§ RAW DATA:
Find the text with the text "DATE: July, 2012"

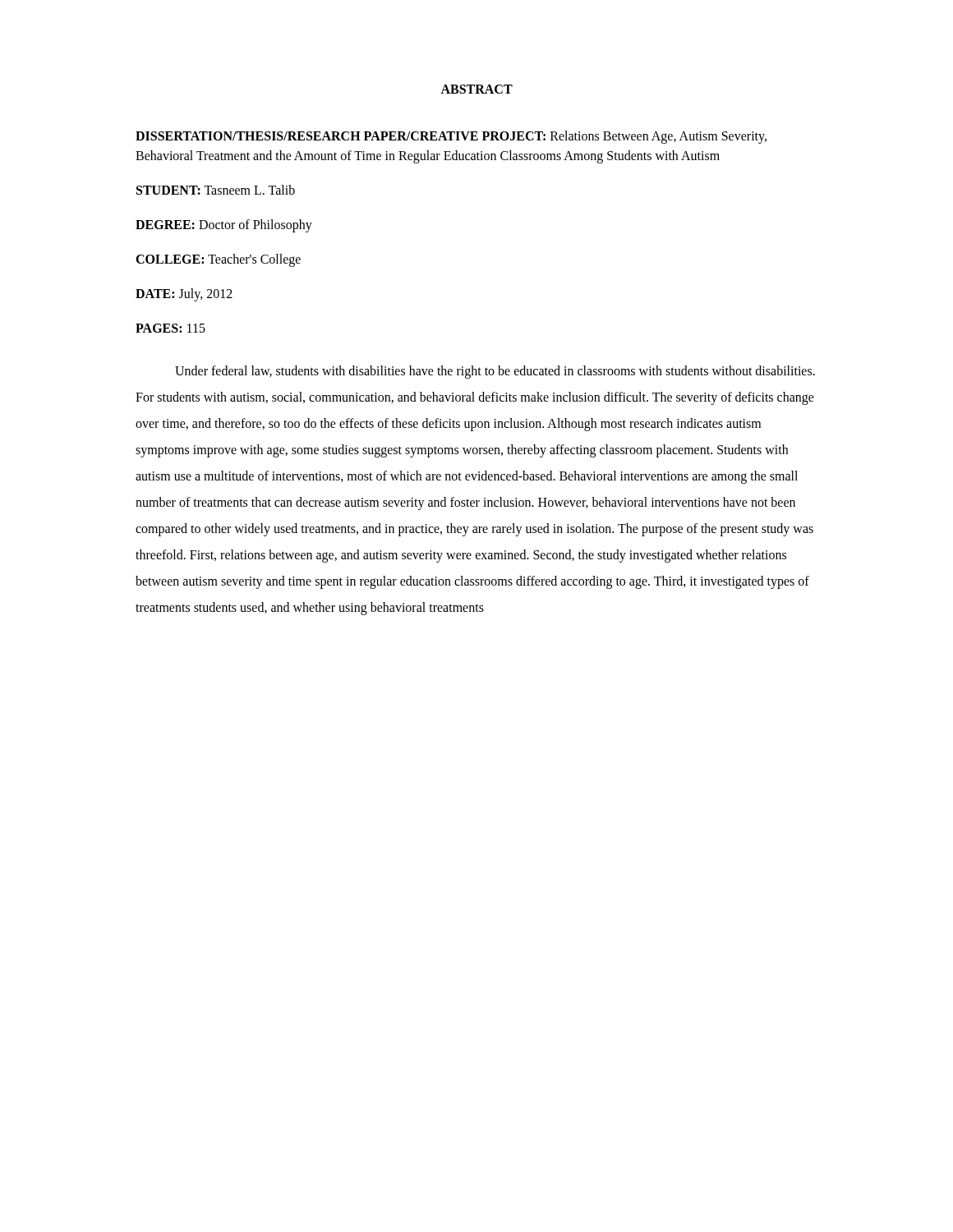184,294
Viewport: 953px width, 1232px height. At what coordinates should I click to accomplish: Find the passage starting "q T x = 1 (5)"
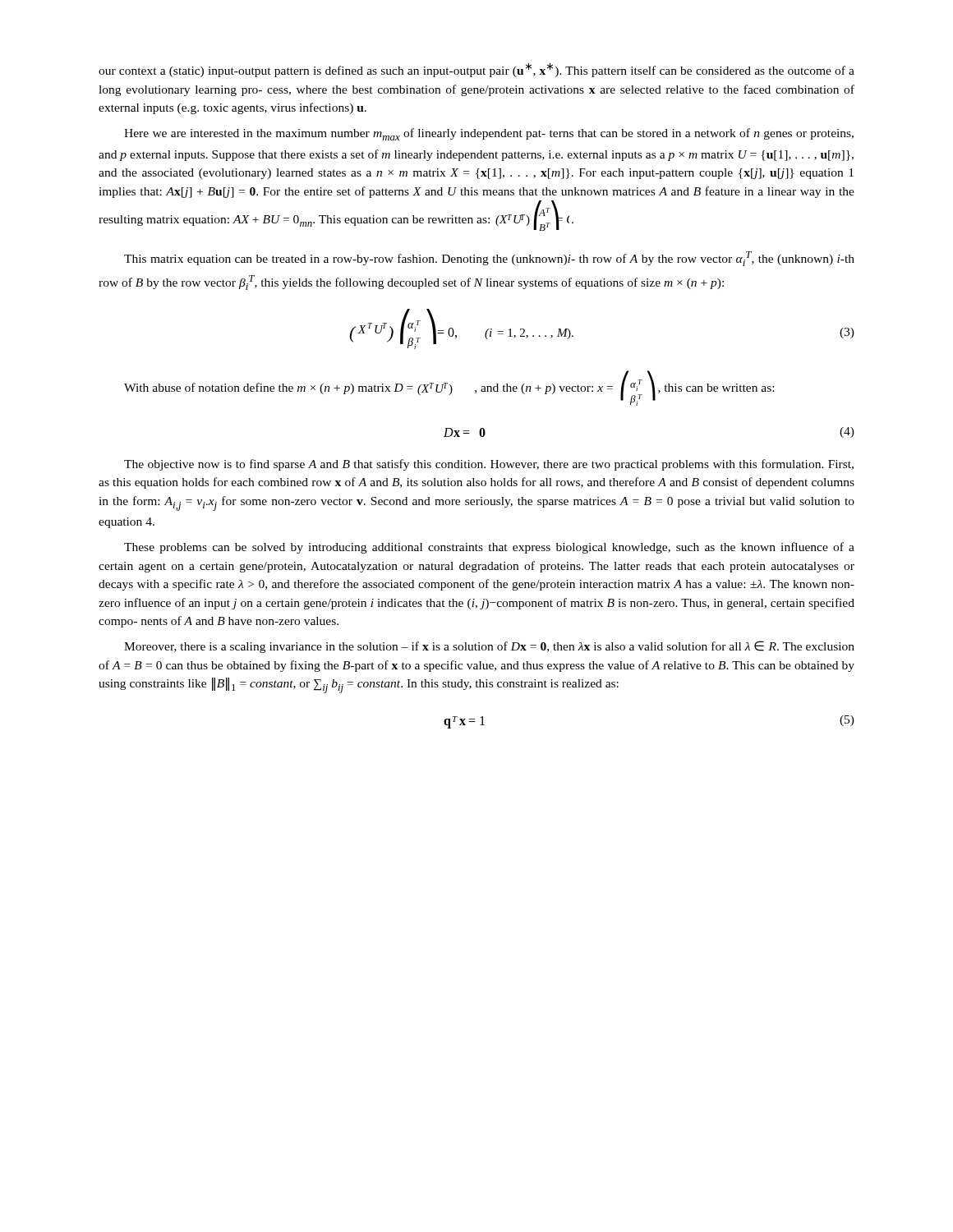(462, 722)
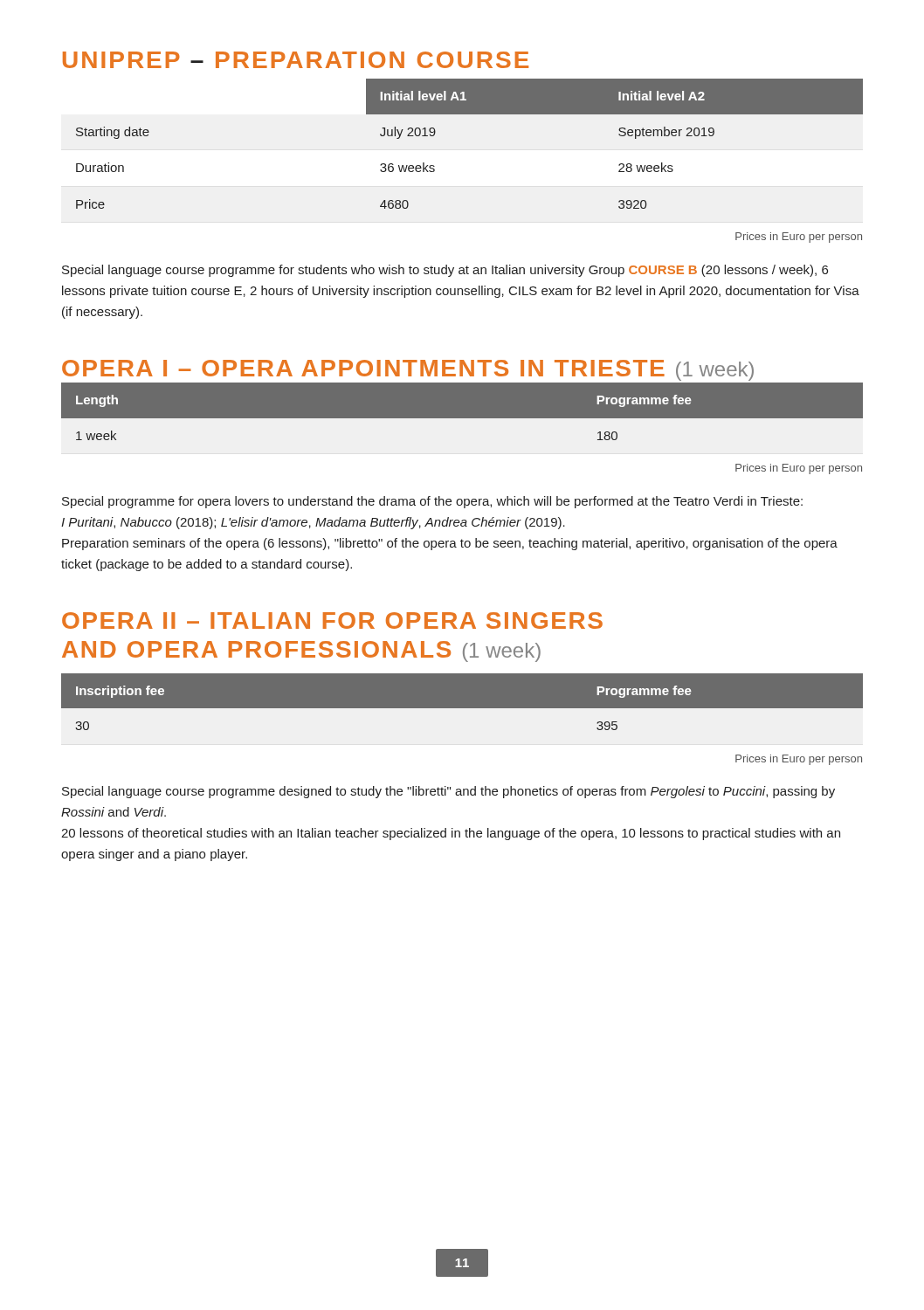Find the block on this page that starts "Special language course programme for students who"

tap(460, 290)

§ WHAT IS EXPECTED: Your output should consist solely of the lines from the line containing "Viewport: 953px width, 1232px" through the last line of the entries, verbatim, minus any pictures.

§ RESPONSE TO THIS EXERCISE:
Viewport: 953px width, 1232px height. At what coordinates should I click to accomplish: Find the passage starting "q T x = 1 (5)"
(462, 722)
Find the block on this page that starts "Special language course programme for students who"

tap(460, 290)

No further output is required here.